Nothing
# =============================================================================
# autocodebook — Helpers Spark-safe para agregacao no relatorio
# =============================================================================
# REGRA DE OURO: nenhuma funcao aqui coleta dados linha-a-linha.
# Toda agregacao acontece no Spark/dplyr, so o sumario (poucas linhas)
# eh trazido pro R com collect().
# =============================================================================
#' @keywords internal
#' @noRd
# -----------------------------------------------------------------------------
# .infer_data_class — heuristica de classe de variavel (numeric / categorical /
# date / id-like).
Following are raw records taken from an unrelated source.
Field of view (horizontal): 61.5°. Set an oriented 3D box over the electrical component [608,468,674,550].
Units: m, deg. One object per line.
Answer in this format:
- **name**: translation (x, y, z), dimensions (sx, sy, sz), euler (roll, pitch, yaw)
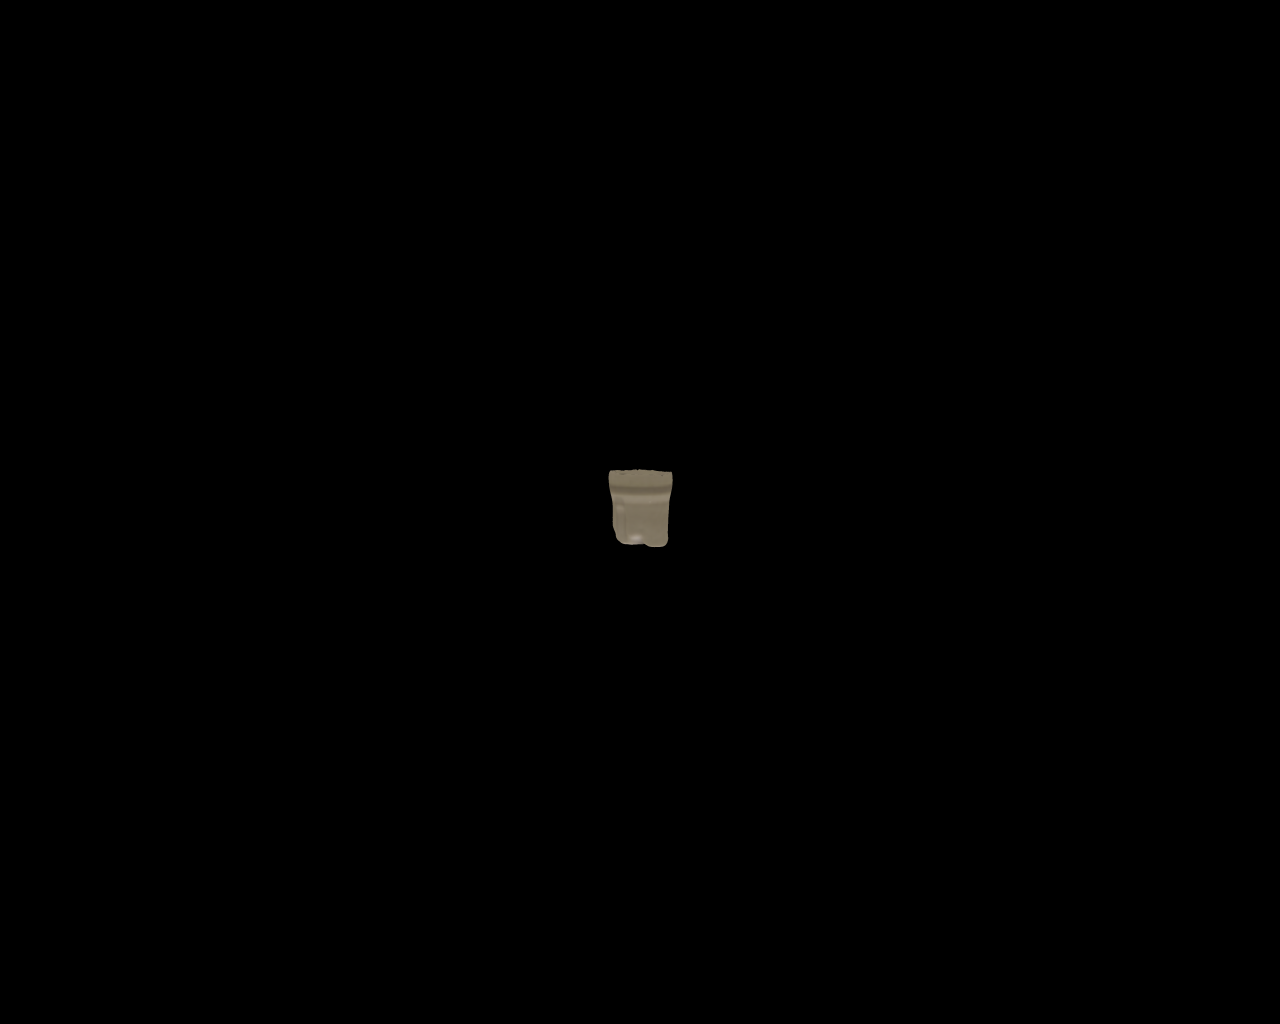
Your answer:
- **electrical component**: translation (0.001, -0.003, 0.650), dimensions (0.040, 0.046, 0.040), euler (0, 7, 0)

Operates sobre o schema, nao sobre os dados.
# -----------------------------------------------------------------------------
.infer_data_class <- function(.data, var, id_var = NULL) {
# Pega tipo via schema (sparklyr) ou class (local)
if (inherits(.data, "tbl_spark")) {
schema <- tryCatch(sparklyr::sdf_schema(.data),
error = function(e) NULL)
if (is.null(schema) || is.null(schema[[var]])) return("unknown")
tp <- tolower(schema[[var]]$type)
} else {
cls <- class(.data[[var]])[1]
tp <- switch(cls,
"numeric" = "double", "integer" = "integer",
"Date" = "date", "POSIXct" = "timestamp",
"POSIXt" = "timestamp",
"character" = "string", "factor" = "string",
"logical" = "boolean",
cls)
tp <- tolower(tp)
}
if (!is.null(id_var) && identical(var, id_var)) return("id")
if (grepl("date|timestamp", tp)) return("date")
if (grepl("double|float|decimal", tp)) return("numeric")
if (grepl("int|long|short|byte", tp)) return("integer")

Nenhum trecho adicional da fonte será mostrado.